Data technology firm Rambus is introducing a new solution for central banks and clearing houses to heighten security of payments using tokenization.
The company announced news on Wednesday (May 9) that it is launching its Payment Account Tokenization solution to combat fraud in direct credit, direct debit and person-to-person (P2P) payments. Central banks and clearing houses will be able to replace account numbers with unique tokens to safeguard sensitive information, Rambus explained, adding that the solution can enhance security for ACH and real-time payments.
“Tokenization has already been proven successful in securing mobile payments worldwide,” said Rambus SVP and General Manager of the firm’s Security Division Bret Sewell in a statement. “Our Payment Account Tokenization does the same for real-time payments, enabling account-based transactions to be processed faster and safer than ever before.”
In its announcement, Rambus highlighted commentary from 451 Research principal analyst Jordan McKee.
“Digital has paved the way for fast and easy payment experiences, prompting a rise in account-based transactions,” McKee said. “Fraudsters have made note of this trend and are increasing their focus on account credentials given their growing disbursement across many locations, including eCommerce websites, mobile and P2P wallets, invoices and payroll.”
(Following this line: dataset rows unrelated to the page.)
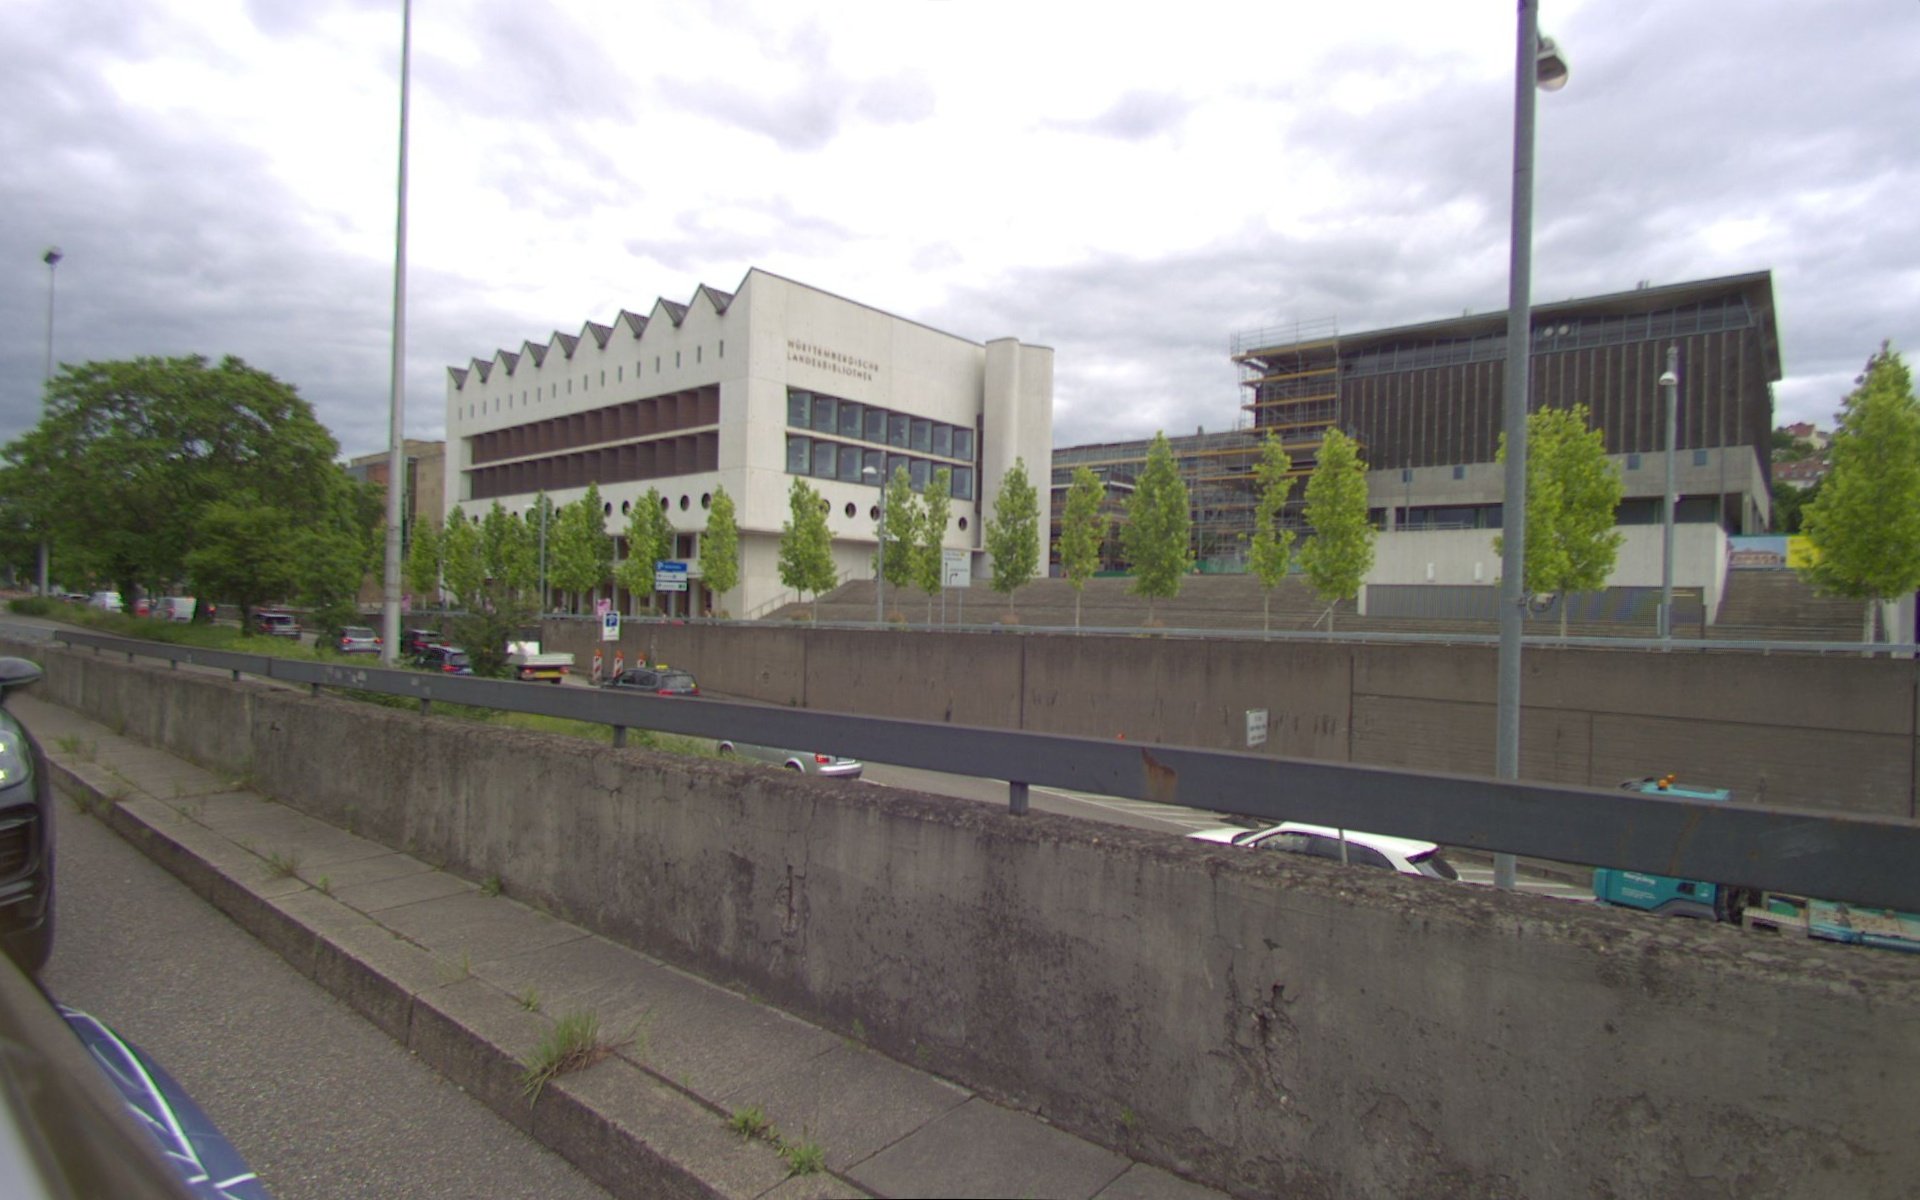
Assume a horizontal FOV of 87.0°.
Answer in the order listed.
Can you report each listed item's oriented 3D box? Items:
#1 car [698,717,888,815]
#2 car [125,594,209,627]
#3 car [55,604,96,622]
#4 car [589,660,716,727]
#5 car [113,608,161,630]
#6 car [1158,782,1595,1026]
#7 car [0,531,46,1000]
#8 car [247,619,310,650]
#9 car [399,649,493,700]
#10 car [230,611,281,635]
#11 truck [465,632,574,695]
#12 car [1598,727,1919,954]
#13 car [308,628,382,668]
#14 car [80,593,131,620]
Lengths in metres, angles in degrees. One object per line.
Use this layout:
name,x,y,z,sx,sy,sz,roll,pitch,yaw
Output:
car,-4.277,4.044,25.427,4.837,1.582,2.157,1,2,41
car,-50.371,0.679,64.288,5.088,2.029,2.206,-1,-1,26
car,-74.369,1.069,85.087,3.998,1.409,1.973,0,-4,41
car,-10.721,3.171,35.121,4.393,1.780,2.140,4,0,41
car,-57.138,1.341,70.249,3.999,1.497,1.972,-1,-2,42
car,6.398,4.472,16.063,5.932,1.987,2.593,1,2,41
car,-5.551,0.560,4.487,4.733,1.602,1.879,0,0,44
car,-36.778,1.833,54.585,3.999,1.560,1.855,0,-1,42
car,-19.681,2.786,38.686,4.167,1.582,1.792,1,2,41
car,-55.882,1.827,80.255,4.732,1.869,2.152,-1,-2,40
truck,-18.463,2.576,42.261,5.378,2.419,2.159,-1,-1,42
car,12.871,3.418,14.551,5.932,2.328,2.593,1,2,41
car,-28.340,2.175,46.624,3.903,1.553,1.696,1,2,39
car,-63.906,0.470,75.665,5.247,1.651,1.973,2,-5,41

“To protect customers and thwart fraudulent attacks, businesses must implement security tactics that serve to eliminate the use of sensitive credentials in the transaction flow,” he added.
Rambus has integrated additional features into its solution, including lifecycle management for banks to manage tokenized bank account numbers by suspending or reactivating them. Banks can also control domains, enabling them to limit tokenization to a particular merchant, channel or spending amount.
The acceleration of payments has led some analysts to raise concerns about the ability for companies, consumers and the financial services industry to identify and combat fraud. Data from NACHA, however, found no increase in fraud reported by banks since the rollout of Same Day ACH last year.